$||x|-|y||\leq|x-y|\Rightarrow |x-y|\geq|x|-|y|$ and $|x+y|\geq|x|-|y|$.

Question

I think I can prove the inequality but in order to do so I Need to understand whether if

$|a|>|b|$ then $|a|> b$ and $|a| > - b (*)$

My proof would be then

$||x|-|y||\leq|x-y|\Rightarrow |x|-|y|\leq|x-y|$

And then one can choose for $y$ its negative value and would get

$||x|-|y||\leq|x-y|\Rightarrow |x|-|y|\leq|x+y|$

If my idea is Right please help me to prove $(*)$

Otherwise I would like a hint so I can find it out myself

Answer 1

We know that $|b|=\max\{b, -b\}$, that is $|b| \ge b$ and $|b| \ge -b$.
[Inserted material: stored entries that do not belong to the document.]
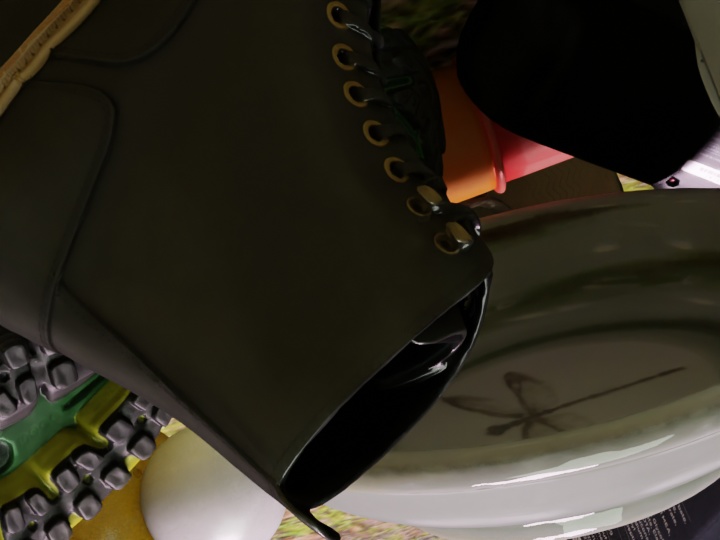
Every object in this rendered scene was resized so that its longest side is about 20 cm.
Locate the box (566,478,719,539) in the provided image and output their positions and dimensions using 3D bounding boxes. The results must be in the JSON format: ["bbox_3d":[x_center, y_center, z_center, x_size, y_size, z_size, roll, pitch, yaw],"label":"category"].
[{"bbox_3d":[0.204,0.055,1.118,0.199,0.125,0.197,-11,156,-19],"label":"box"}]

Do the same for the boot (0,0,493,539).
[{"bbox_3d":[0.001,-0.049,0.574,0.200,0.138,0.077,-53,155,-4],"label":"boot"}]

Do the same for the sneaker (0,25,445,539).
[{"bbox_3d":[-0.063,-0.007,0.702,0.200,0.085,0.078,-36,124,-13],"label":"sneaker"}]

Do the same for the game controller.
[{"bbox_3d":[0.131,-0.058,0.787,0.199,0.042,0.104,20,138,-18],"label":"game controller"}]

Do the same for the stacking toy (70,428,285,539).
[{"bbox_3d":[-0.101,0.095,0.901,0.145,0.147,0.199,3,157,-44],"label":"stacking toy"}]

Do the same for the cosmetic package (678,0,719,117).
[{"bbox_3d":[0.177,-0.092,0.634,0.081,0.114,0.200,2,153,-41],"label":"cosmetic package"}]

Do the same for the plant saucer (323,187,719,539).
[{"bbox_3d":[0.055,0.033,0.726,0.199,0.051,0.200,-13,-162,4],"label":"plant saucer"}]

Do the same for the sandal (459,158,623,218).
[{"bbox_3d":[-0.001,0.001,0.886,0.200,0.080,0.058,-16,145,-6],"label":"sandal"}]

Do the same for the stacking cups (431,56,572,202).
[{"bbox_3d":[-0.018,-0.032,0.826,0.199,0.061,0.061,-22,159,-5],"label":"stacking cups"}]
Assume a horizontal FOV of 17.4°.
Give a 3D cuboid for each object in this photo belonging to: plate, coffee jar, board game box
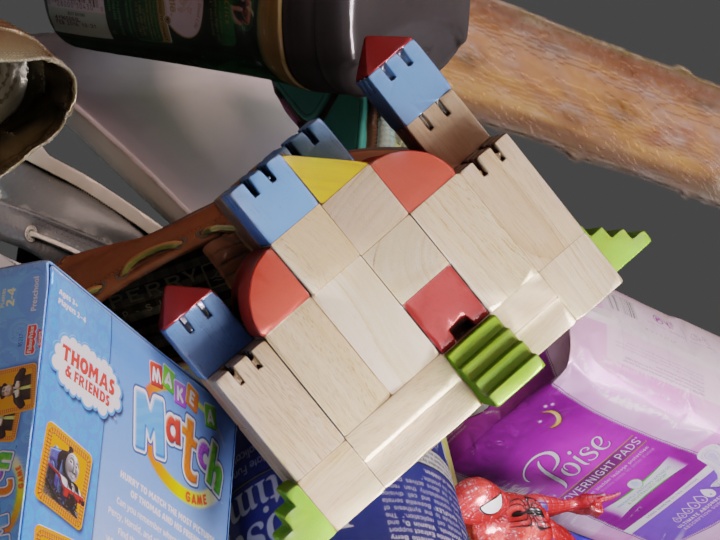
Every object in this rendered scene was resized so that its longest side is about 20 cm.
[{"bbox_3d":[-0.053,-0.054,1.169,0.199,0.032,0.200,42,30,26],"label":"plate"},{"bbox_3d":[-0.049,-0.136,1.105,0.199,0.086,0.104,14,20,37],"label":"coffee jar"},{"bbox_3d":[-0.100,0.119,0.882,0.151,0.036,0.201,45,43,-53],"label":"board game box"}]

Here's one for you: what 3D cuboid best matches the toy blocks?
[{"bbox_3d":[0.000,0.000,0.927,0.137,0.200,0.100,50,-9,-7],"label":"toy blocks"}]

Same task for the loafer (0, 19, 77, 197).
[{"bbox_3d":[-0.181,-0.050,0.920,0.067,0.076,0.200,7,35,26],"label":"loafer"}]

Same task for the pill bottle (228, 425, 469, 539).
[{"bbox_3d":[-0.004,0.140,0.991,0.112,0.112,0.201,15,44,-34],"label":"pill bottle"}]

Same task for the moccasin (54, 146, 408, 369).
[{"bbox_3d":[-0.047,0.002,1.001,0.078,0.200,0.074,-88,163,-62],"label":"moccasin"}]

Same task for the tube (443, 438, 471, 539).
[{"bbox_3d":[0.022,0.096,1.117,0.058,0.052,0.201,-6,59,-14],"label":"tube"}]

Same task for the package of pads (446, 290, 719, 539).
[{"bbox_3d":[0.140,0.081,1.182,0.199,0.121,0.076,23,41,-27],"label":"package of pads"}]

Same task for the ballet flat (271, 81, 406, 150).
[{"bbox_3d":[0.003,-0.069,1.144,0.071,0.069,0.200,21,23,-24],"label":"ballet flat"}]

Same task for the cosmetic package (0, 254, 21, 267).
[{"bbox_3d":[-0.181,0.076,0.912,0.113,0.081,0.200,39,35,-7],"label":"cosmetic package"}]

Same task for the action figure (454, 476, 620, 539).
[{"bbox_3d":[0.104,0.138,1.103,0.200,0.052,0.066,31,30,-43],"label":"action figure"}]

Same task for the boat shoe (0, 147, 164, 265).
[{"bbox_3d":[-0.141,-0.017,1.075,0.200,0.062,0.073,34,-6,-29],"label":"boat shoe"}]

Hence $|a| > |b| \ge b$, that is we have $|a| > b$.

Similarly for $-b$.

Answer 2

Because by the triangle inequality

$$|x-y|+|y|\geq|x-y+y|\geq|x|,$$ which gives $$|x-y|\geq|x|-|y|$$ and by the triangle inequality again: $$|x+y|+|y|=|x+y|+|-y|\geq|x+y-y|=|x|,$$ which gives $$|x+y|\geq|x|-|y|.$$